Kutatap Toby, sosok jangkung dan tampan di hadapanku, tanpa
berkedip. Wajah tampannya tampak penuh penyesalan. Bahkan, bibirnya tampak
bergetar sedikit – pertanda dia berusaha keras agar tidak menangis.
“Tamara, sumpah,” ucapnya lagi berkeras. “Aku sama sekali
nggak tahu. Selama ini kukira dia mencintaiku.”
“Sama,” lanjutku, kali ini berusaha tenang. Maklum, di antara
kami berdua, akulah yang paling tenang dan tidak mudah emosian – berlawanan dengan
anggapan umum orang yang cenderung seksis tentang perempuan. Tapi...ah, mereka
tahu apa, sih?
Berdua kami menatap sosok tampan lainnya yang kini terkapar
tak bergerak di tanah. Darah telah mengering di kepalanya.

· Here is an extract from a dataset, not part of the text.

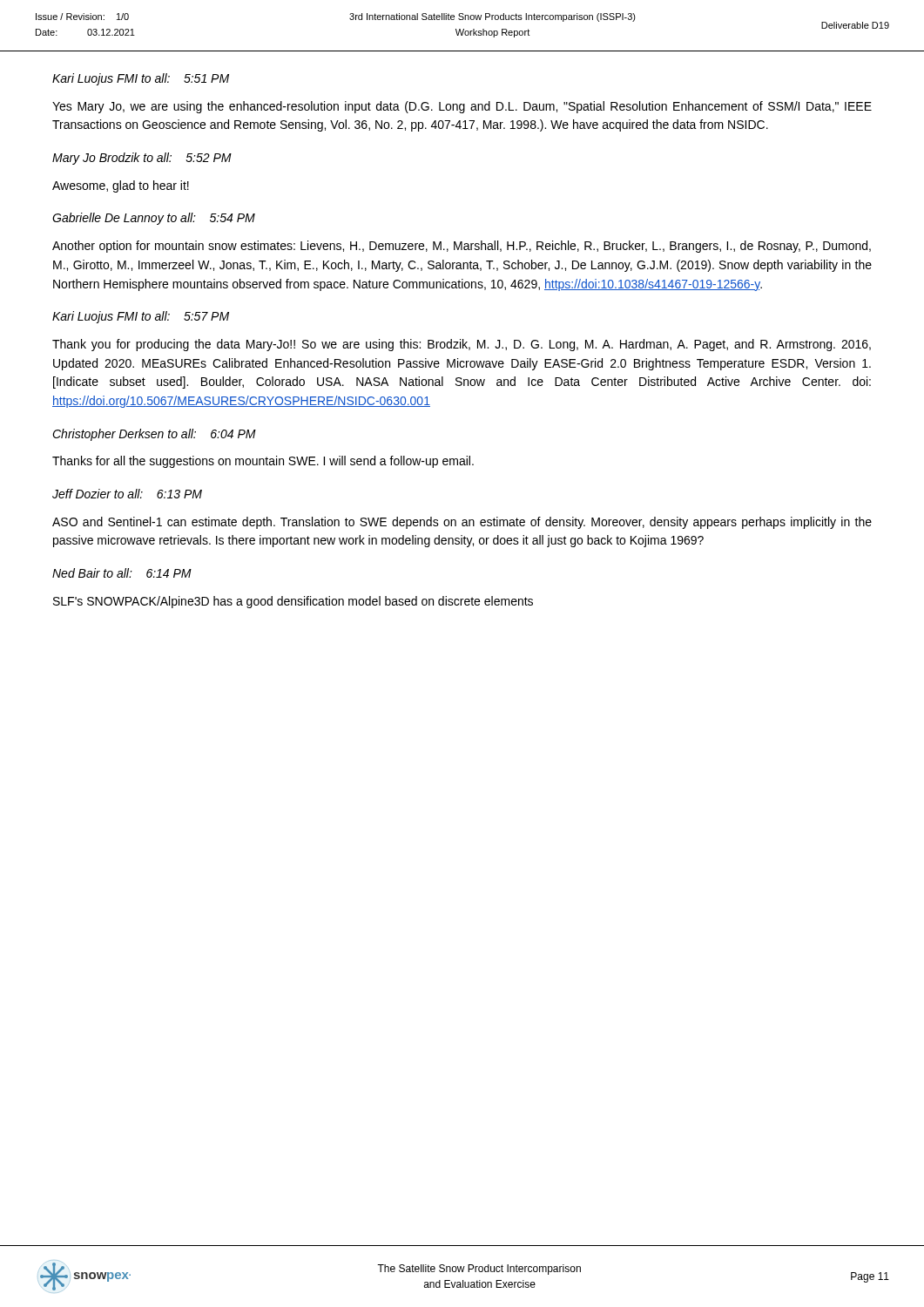Point to the element starting "Thank you for producing the"
924x1307 pixels.
[x=462, y=372]

“Kukira Oscar juga mencintaiku,” ujarku pelan, seraya
mengangkat bahu. Teringat bujuk-rayu lelaki itu yang sempat membuatku terlena –
yang ternyata juga dia lampiaskan pada Toby, sahabatku. Aku bergidik oleh
perasaan jijik.
“Mungkin dia sebenarnya mencintai kita berdua,” duga Toby. “Dia
hanya tidak bisa memilih salah satu.”
“Atau mungkin, dia memang tidak mau memilih,” tukasku dingin.

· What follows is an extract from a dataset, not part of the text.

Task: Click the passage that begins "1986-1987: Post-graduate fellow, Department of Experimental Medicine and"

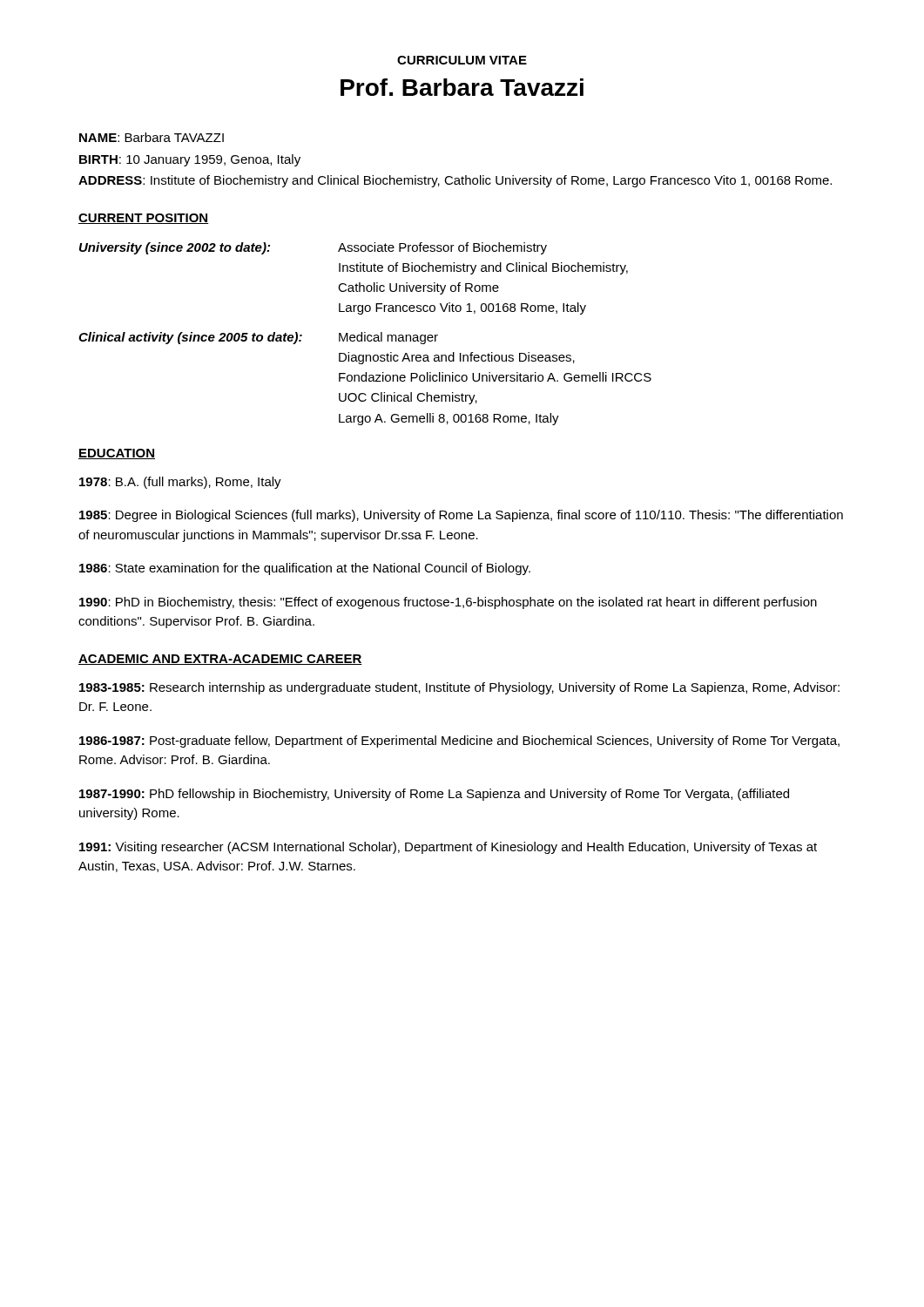Action: 462,750
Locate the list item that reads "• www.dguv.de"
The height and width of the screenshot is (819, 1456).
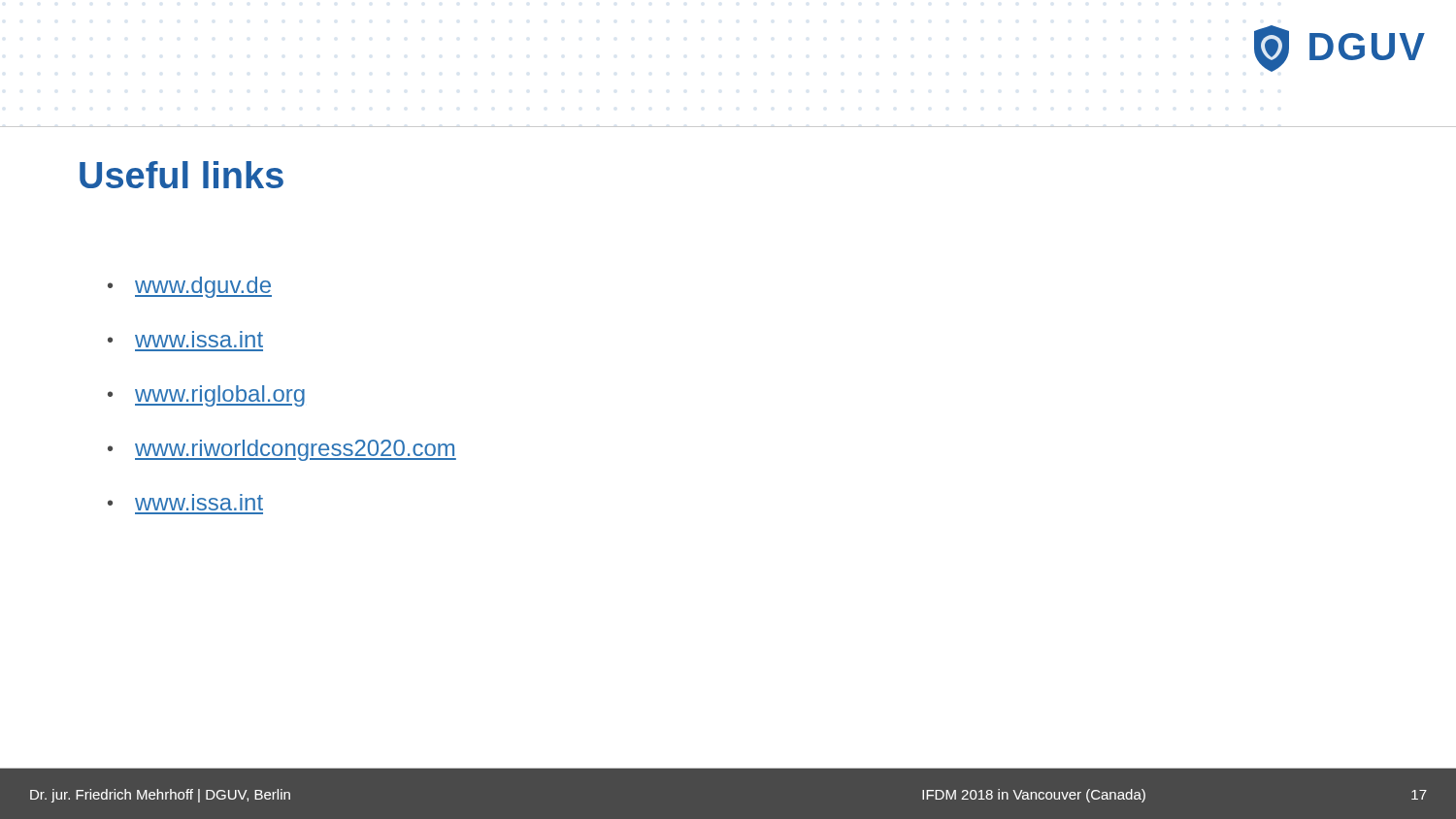[189, 285]

“Dia tidak ingin kehilangan kita berdua. Dasar buaya darat.”
Hening sesaat. Setelah kulempar pentungan yang penuh darah
kering Oscar itu ke danau di samping kami, kugandeng Toby dan kami berdua pun
pergi dari situ – meninggalkan jenazah Oscar di sana malam itu.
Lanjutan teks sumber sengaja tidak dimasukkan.